Thursday, April 29, 2010

One Year Later

My mom died last year on April 29th. It was a Wednesday. That week is really clear in my mind. I went to see her on Sunday and even though she had lost her voice because of the radiation, she seemed to be doing a lot better. She couldn't talk but she could whisper and she was downstairs in her snuggie doing the Times crossword (in pen). When I got there, my dad was so thrilled because he had managed to get her to eat a scrambled egg for breakfast and that was probably the most food she'd eaten in weeks. So she was eating and she seemed like she had a little more energy and she was snarky and witty despite the whispering thing.
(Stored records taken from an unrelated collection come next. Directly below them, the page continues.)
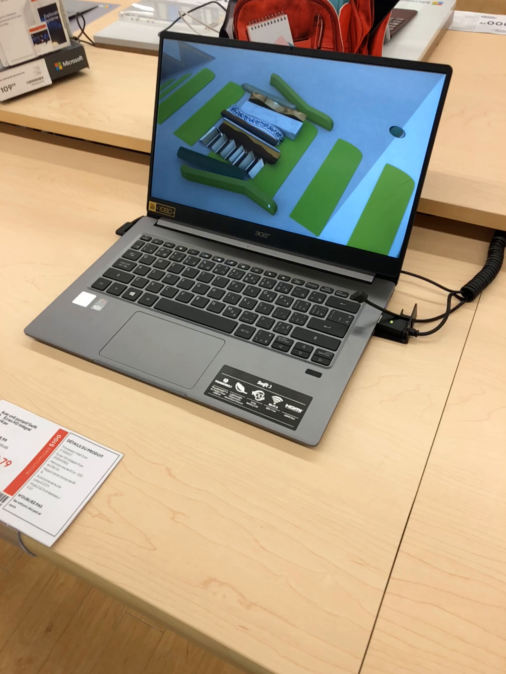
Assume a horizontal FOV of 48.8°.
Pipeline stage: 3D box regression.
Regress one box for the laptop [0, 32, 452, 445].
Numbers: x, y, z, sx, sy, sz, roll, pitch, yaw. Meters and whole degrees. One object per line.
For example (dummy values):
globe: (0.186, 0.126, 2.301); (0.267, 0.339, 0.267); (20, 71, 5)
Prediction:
laptop: (-0.024, -0.125, 0.532); (0.315, 0.177, 0.312); (18, 51, 20)
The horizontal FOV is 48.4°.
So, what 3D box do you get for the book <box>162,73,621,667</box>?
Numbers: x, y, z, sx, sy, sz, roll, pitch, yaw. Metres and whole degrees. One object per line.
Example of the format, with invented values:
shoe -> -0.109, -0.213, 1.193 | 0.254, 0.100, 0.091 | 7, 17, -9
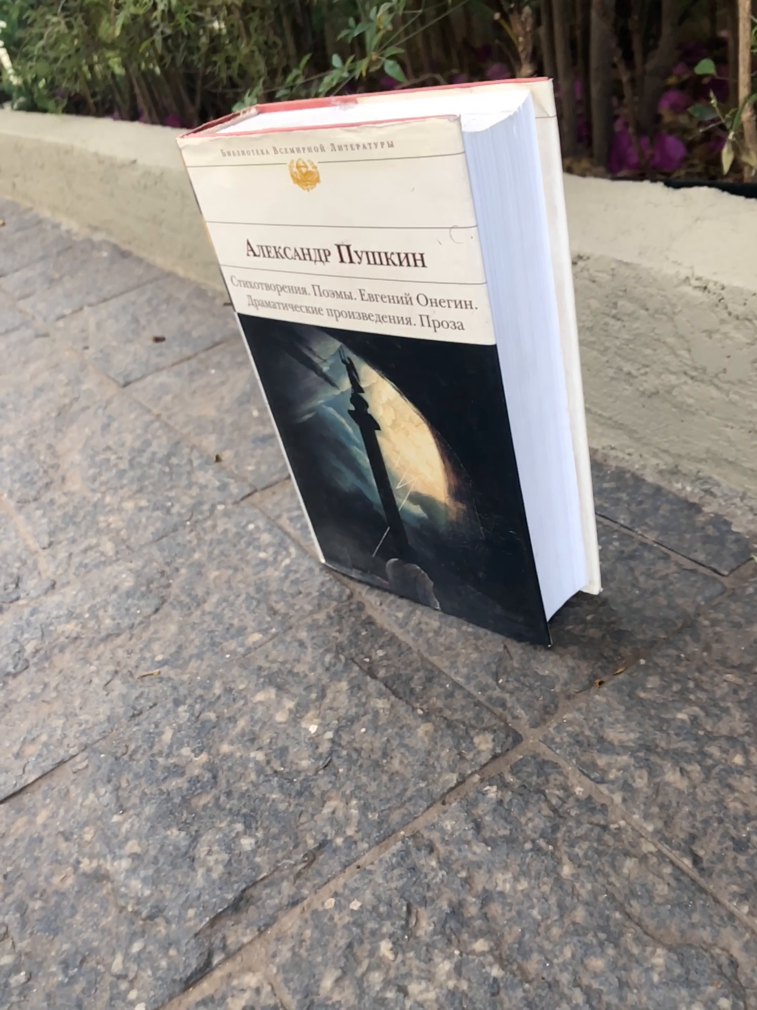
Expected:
book -> 0.012, -0.050, 0.338 | 0.151, 0.203, 0.050 | 16, 43, 37
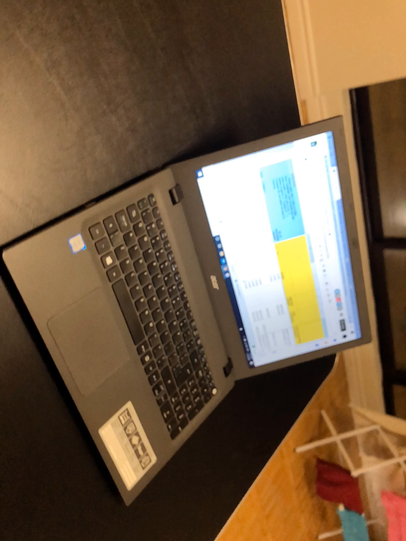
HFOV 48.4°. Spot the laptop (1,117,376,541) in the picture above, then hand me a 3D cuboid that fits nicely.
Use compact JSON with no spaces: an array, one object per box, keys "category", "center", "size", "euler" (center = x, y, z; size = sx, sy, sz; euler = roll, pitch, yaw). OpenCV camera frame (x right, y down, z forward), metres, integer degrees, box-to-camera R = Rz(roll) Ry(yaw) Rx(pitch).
[{"category":"laptop","center":[0.048,0.051,0.603],"size":[0.431,0.161,0.375],"euler":[-39,122,-40]}]

I brought all these pedicure supplies because I thought that it would be nice to pamper her a little bit, and we listened to the Beatles while I attended to her toes. I painted them some quick-drying shade of reddish orange. She had lost almost all of her hair because of the chemo but before it started to fall out, she bleached it to a brassy platinum. She refused to shave it, because she thought it was short enough not to be a problem, but there were brassy blonde hairs everywhere -- on the snuggie, on the couch, on the floor. My dad kept up constant dustbuster maintenance. She wore a hat when she went into Mt. Sinai for chemo or to the local hospital for brain and chest radiation. But at home, she just had one little dreadlocked tuft of hair left, right in the center of her head. It was sort of Tintin-esque. She didn't like the fact that the hair was all matted and she asked me to comb it out. I was afraid of hurting her, and when I tried to untangle the hairs, they all came out in my hand.

We spent a few hours together and then she got a blackberry alert that there was some problem with NJ Transit so she insisted that we get going so we'd make it back to the city. She wasn't loud, but she was adamant. My dad drove us to Liberty State Park to catch the Path train but of course we took the wrong Path train and ended up in Jersey City, where we finally caught the correct train back to Manhattan. We walked back to my apartment from Penn Station. I was feeling better about things. It seemed like she was doing a little bit better.

On Monday, I had jury duty and I had already postponed it as many times as I could by phone. I spent a few hours waiting in jury duty, cutting a rough version of a spot for VH1 Mobile on my laptop. After the clerks kept saying things about committing to two weeks of jury duty, if selected,  I freaked out and ran to get an official deferral. I told them my mom was sick and I couldn't commit. They pushed it to October.

Emily and I went to karaoke that night and I drank a little too much and got emotional and sang songs from Barbra Streisand's "Broadway Album" in honor of my mom. Specifically the song "Being Alive," which, if you don't know it, is from Company and is particularly amazing when Babs sings it. My mom's favorite song off that album was "Send in the Clowns" but I couldn't bring myself to sing it.

On Tuesday, I worked on the VH1 Mobile spot and was getting ready to shoot a segment with my friend Graham about the intersection of science and pop culture.

On Wednesday, my dad called early in the morning and said my mom was in the ER and that I should get to South Orange as soon as I could. I called my brother and told him to meet me at the train station. I threw some shit in a bag and grabbed my laptop and ran to Penn Station. I emailed my friends who were supposed to come over that night to watch Top Model that I didn't know what was going on and that we should probably plan on postponing our viewing party.

My brother and I got to the hospital, where my aunt Sherry and my dad were with my mom in the ER. She was drifting in and out of consciousness. I held her hand and told her about singing Streisand for her. She had an oxygen mask over her face and couldn't speak but one tear slipped out of her right eye and slid down her cheek. My dad took us outside to tell us that the doctors were preparing a room for her but that they couldn't get her blood pressure back up and that we needed to be ready for hospice. While we were talking in the parking lot, by the loading dock, my dad's cel phone rang. It was the doctor. He said we needed to come back inside.

My mom was already in a coma when we got back. My aunt called her rabbi to come over to say the things that rabbis say in this situation. The rabbi arrived and said things in Hebrew and we all watched the monitors as her blood pressure dropped lower and lower. The rabbi told us that we should stop looking at the machines and instead spend this time telling my mom that we'd be okay. We told that we loved her, that it was okay to go, that we'd be okay without her.

She was gone in a matter of minutes. Her blood pressure was so low that she instantly went completely pale. I was still holding her hand.

I am not so sure that I am okay without her.

2 comments:

Anonymous said...

You are OK- not sure I am after reading such an honest, intimate account of so sad a thing.

Jules Jones said...

:( Sounds like you were a wonderful daughter, Bex. I bet you made your mom really happy with those moments you spent with her.